··· Data provided
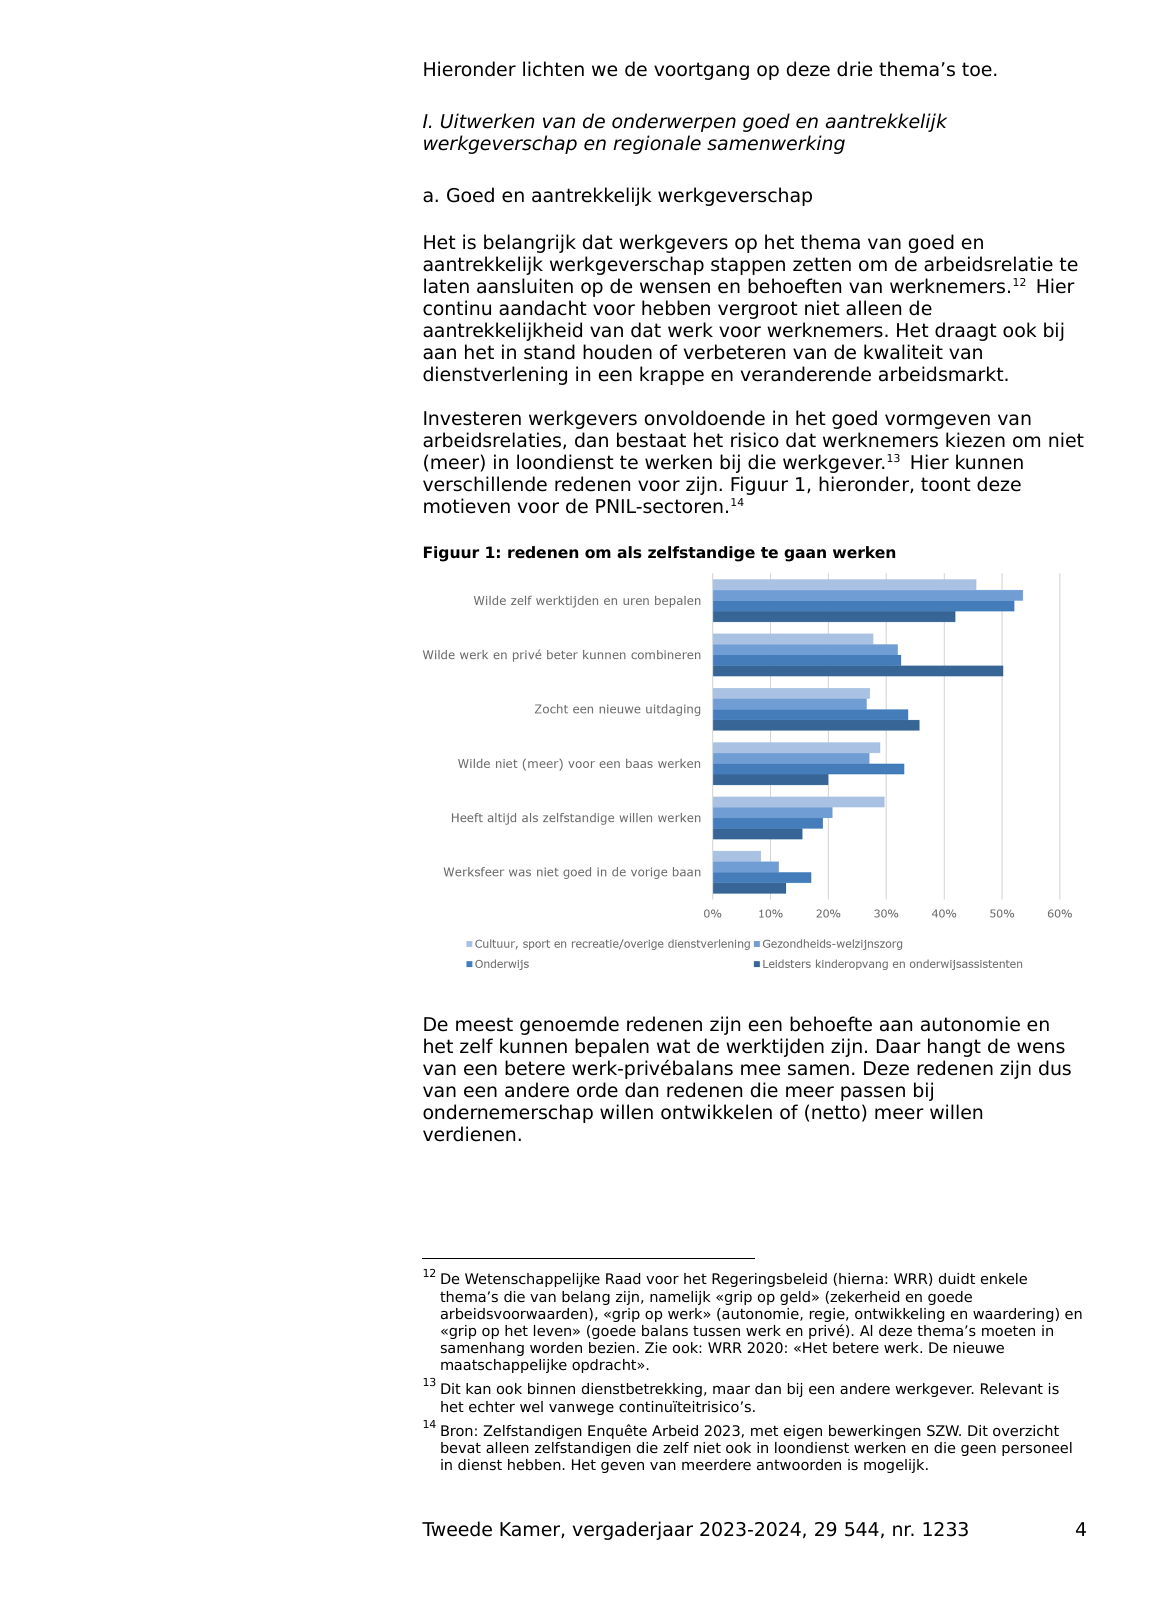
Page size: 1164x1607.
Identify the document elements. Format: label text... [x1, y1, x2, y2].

text Hieronder lichten we de voortgang op deze drie thema’s toe. [422, 59, 1087, 81]
text Het is belangrijk dat werkgevers op het thema van goed en aantrekkelijk werkgeverschap stappen zetten om de arbeidsrelatie te laten aansluiten op de wensen en behoeften van werknemers. Hier continu aandacht voor hebben vergroot niet alleen de aantrekkelijkheid van dat werk voor werknemers. Het draagt ook bij aan het in stand houden of verbeteren van de kwaliteit van dienstverlening in een krappe en veranderende arbeidsmarkt. [422, 232, 1087, 386]
picture [422, 573, 1072, 970]
text Figuur 1: redenen om als zelfstandige te gaan werken [422, 544, 1072, 562]
subtitle a. Goed en aantrekkelijk werkgeverschap [422, 185, 1087, 207]
text Bron: Zelfstandigen Enquête Arbeid 2023, met eigen bewerkingen SZW. Dit overzicht bevat alleen zelfstandigen die zelf niet ook in loondienst werken en die geen personeel in dienst hebben. Het geven van meerdere antwoorden is mogelijk. [422, 1418, 1087, 1474]
text De Wetenschappelijke Raad voor het Regeringsbeleid (hierna: WRR) duidt enkele thema’s die van belang zijn, namelijk «grip op geld» (zekerheid en goede arbeidsvoorwaarden), «grip op werk» (autonomie, regie, ontwikkeling en waardering) en «grip op het leven» (goede balans tussen werk en privé). Al deze thema’s moeten in samenhang worden bezien. Zie ook: WRR 2020: «Het betere werk. De nieuwe maatschappelijke opdracht». [422, 1267, 1087, 1374]
text Dit kan ook binnen dienstbetrekking, maar dan bij een andere werkgever. Relevant is het echter wel vanwege continuïteitrisico’s. [422, 1377, 1087, 1416]
subtitle I. Uitwerken van de onderwerpen goed en aantrekkelijk werkgeverschap en regionale samenwerking [422, 111, 1087, 155]
text Investeren werkgevers onvoldoende in het goed vormgeven van arbeidsrelaties, dan bestaat het risico dat werknemers kiezen om niet (meer) in loondienst te werken bij die werkgever. Hier kunnen verschillende redenen voor zijn. Figuur 1, hieronder, toont deze motieven voor de PNIL-sectoren. [422, 408, 1087, 518]
text De meest genoemde redenen zijn een behoefte aan autonomie en het zelf kunnen bepalen wat de werktijden zijn. Daar hangt de wens van een betere werk-privébalans mee samen. Deze redenen zijn dus van een andere orde dan redenen die meer passen bij ondernemerschap willen ontwikkelen of (netto) meer willen verdienen. [422, 1014, 1087, 1146]
······
▶ _Exercise requirements_: Lines containing the string "zijn" are the ones to copy from the entries above.

▶ _Completed task_:
text De Wetenschappelijke Raad voor het Regeringsbeleid (hierna: WRR) duidt enkele thema’s die van belang zijn, namelijk «grip op geld» (zekerheid en goede arbeidsvoorwaarden), «grip op werk» (autonomie, regie, ontwikkeling en waardering) en «grip op het leven» (goede balans tussen werk en privé). Al deze thema’s moeten in samenhang worden bezien. Zie ook: WRR 2020: «Het betere werk. De nieuwe maatschappelijke opdracht». [422, 1267, 1087, 1374]
text Investeren werkgevers onvoldoende in het goed vormgeven van arbeidsrelaties, dan bestaat het risico dat werknemers kiezen om niet (meer) in loondienst te werken bij die werkgever. Hier kunnen verschillende redenen voor zijn. Figuur 1, hieronder, toont deze motieven voor de PNIL-sectoren. [422, 408, 1087, 518]
text De meest genoemde redenen zijn een behoefte aan autonomie en het zelf kunnen bepalen wat de werktijden zijn. Daar hangt de wens van een betere werk-privébalans mee samen. Deze redenen zijn dus van een andere orde dan redenen die meer passen bij ondernemerschap willen ontwikkelen of (netto) meer willen verdienen. [422, 1014, 1087, 1146]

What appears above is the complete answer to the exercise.